Conversely, file backups tend to be much smaller and require less additional storage. And with that reduced scale they can also be more easily backed up to cloud storage. Also, some software is designed to back up cloud-stored data, allowing new files to be copied down to a PC or mobile device once they’re available online.
Choosing the right software is a process of deciding what type of backup you are interested in having and then making sure that you have a tool that provides the right functionality. If you’re looking for the best of both worlds, some of the more advanced applications offer both imaging and file backups.

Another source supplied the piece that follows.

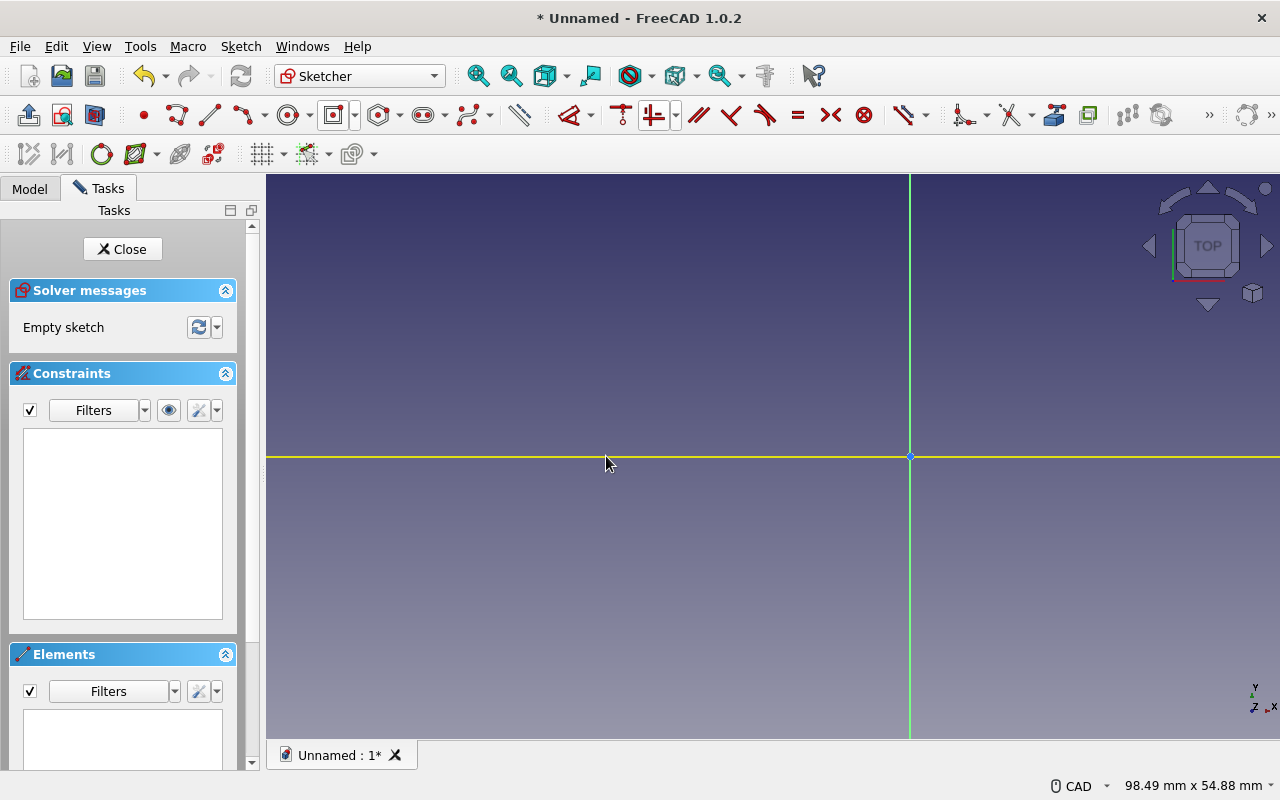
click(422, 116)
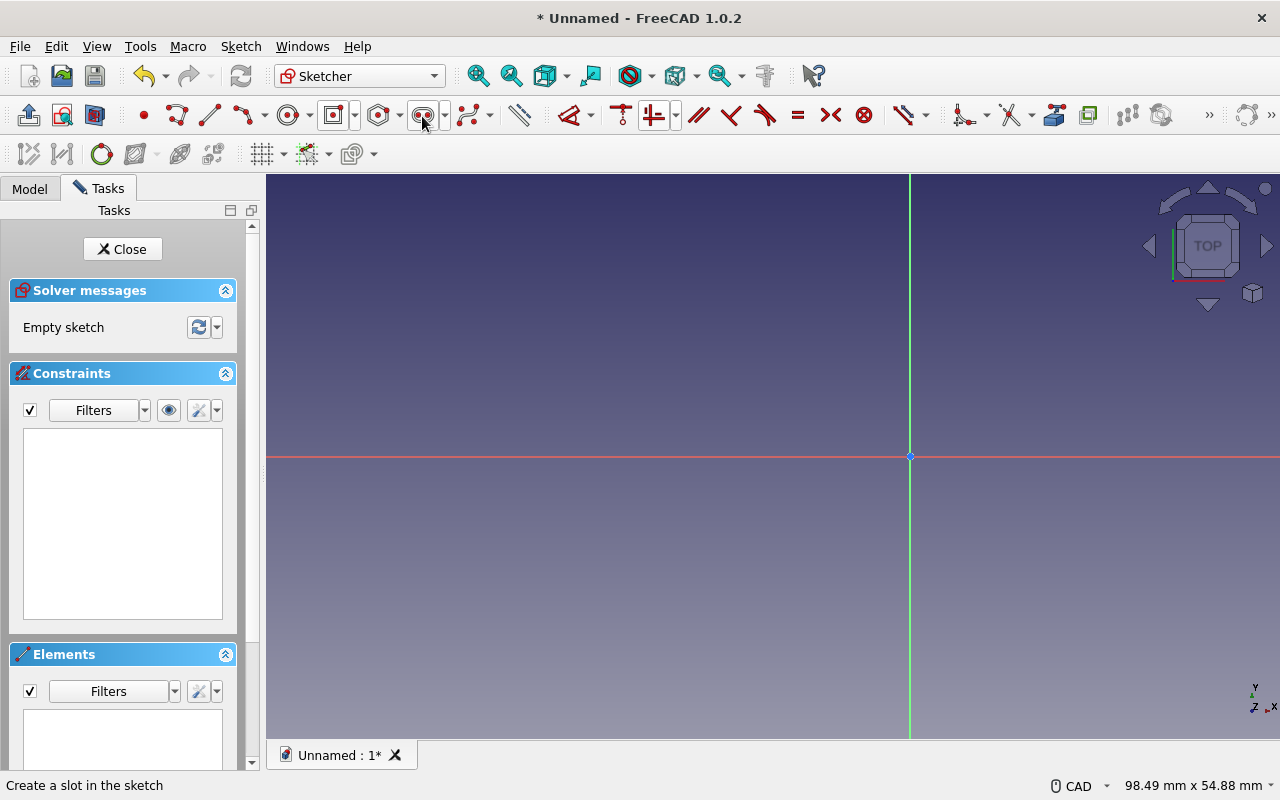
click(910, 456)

What’s especially important is that the backup happens when it is appropriate. That it doesn’t interfere with you using your laptop or PC, and that in the event of a disaster the files are readily accessible.
If you’re looking to keep multiple devices secure, it’s also important to choose a service or plan that supports it. For especially sensitive files, look for some encryption options. Armed with this information you can choose the right strategy for you, and the appropriate backup application to execute that plan.
If you’re looking for backup software for Mac, you’ll find that on our sister site Macworld.
What’s the best backup software for Windows?
Acronis True Image
Powerful, feature-rich and easy to use, Acronis True Image drive partitioning and backup software for Windows is a truly comprehensive solution.
You can pick and choose the files and folders you want to backup if you don’t need to back up the whole computer, and recovery options let you hand pick files if you don’t need to recover everything too.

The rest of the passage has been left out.